مقالات پذیرفته شده در هفتمین کنگره بین المللی زیست پزشکی
Investigating the Role of Gene Therapy in Breast Cancer
Investigating the Role of Gene Therapy in Breast Cancer
mahdieh balavar,1,*
1. BA student, Tehran, Azad University, Shahr Ray branch
Introduction: Breast cancer is the most common female malignancy in the United States. Breast cancer affects one in nine women in the United States. Yearly, 46,000 women die from breast cancer, despite early detection methods and advanced conventional treatments. Gene/prodrug systems can be used to selectively target malignant cancer cells while leaving normal cells unharmed. Thus, the application of these systems to reduce undesirable side effects has recently received increased attention. A gene therapeutic system using cytosine deaminase (CD)/5-fluorocytosine (5-FC). a gene-directed enzyme/prodrug therapy (GEPT) that currently exists, involves the conversion of a nontoxic drug (5-FC) into the toxic metabolite 5-fluorouracil (5-FU), an active anticancer drug that inhibits DNA synthesis in cancer cells. In addition, herpes simplex virus thymidine kinase (HSV-TK) suicide gene and its complementary prodrug ganciclovir (GCV) have been used to selectively target human types of cancers, indicating a potential therapeutic use of this gene delivery for primary human types of cancers. This GEPT system has been used to treat various types of cancer including colorectal and prostate cancer in clinical trials. In addition, CPT-11, which is hydrolyzed into a topoisomerase 1 inhibitor (SN-38) by carboxyl esterase (CE), has been administered to cancer patients, including ones with colorectal cancer for decades. Prodrugs appear to be associated with reduced toxicity in normal tissues but there are potential problems with exogenous enzyme delivery for selectively targeting tumor cells. The aim of this study was to investigate the Role of Gene Therapy In Breast Cancer.

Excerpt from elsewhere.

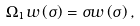Convert formula to latex. <formula><loc_0><loc_0><loc_500><loc_500>\Omega _ { 1 } w \left ( \sigma \right ) = \sigma w \left ( \sigma \right ) ,</formula> 
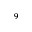<formula> <loc_0><loc_0><loc_500><loc_500>^ { 9 }</formula>

Methods: This review study whit Investigating the role of gene therapy in breast cancer has written the from scientific databases such as Science Direct, Springer, Google Scholar, and PubMed.
Results: The wide range of delivery technologies now available have been explored in order to vehicle several classes of gene-based therapeutic agents. As distinct genetic alterations and gene expression profiles differentially affect the development and progression of breast cancer, correction of defective genes and regulation of gene expression through gene therapy has emerged as an innovative treatment strategy for breast cancer. Several approaches to induce genetic modification of a target cell have been evaluated, including transferring genes, segments of genes, or oligonucleotides such as siRNAs and miRNAs.The more classical view in gene therapy for cancer and other diseases was represented by the replacement of mutated genes with their normal counterparts. Indeed, loss-of-function mutations in tumor suppressor genes have been identified as key events in breast cancer, with subsequent uncontrolled tumor progression and onset of metastasis. Therefore, the transfection of cancer cells with completely functional tumor suppressor genes (e.g. TP53) has been investigated as an anticancer strategy with both viral vectors and few nanosystems, resulting in inhibition of breast tumor growth and apoptosis induction. Recent advancement in the genome editing systems has led to a significant increase of the efficiency and specificity of gene targeting using site-specific endonucleases, including ZFNs, TALENs, and CRIPR/Cas9. ZFPs and TALENs, which are composed of a customized DNA-binding module and a non-specific DNA cleavage domain, can generate multiple genetic modifications by inducing DNA double-strand breaks (DSBs) that stimulate the error-prone non-homologous end joining or the more specific homologous recombination pathways.
Conclusion: A variety of gene therapy approaches have been evaluated for treatment of breast carcinoma. The majority of clinical trials focus on the p53 TSG. The preferred way of administration is the intratumoral injection of an adenovirus p53 vector. Despite the observed higher transgene expression with the adenoviral vectors, clinical evidence of tumor regression occurred only in a small minority of patients. It is clear that gene therapy of breast cancer is a very difficult undertaking. The results of breast cancer gene therapy clinical trials to date have demonstrated little toxicity. However, the rate of clinical response has been low to date and efficient transgene expression remains to be challenge. In this regard, future research needs to focus not only on novel strategies and transgenes, but also on the development of novel gene transfer vectors to help overcome this inefficiency. The immediate future of breast cancer gene therapy would suggest increasing success in using cancer gene therapy as adjunct therapy in local control of many cancers.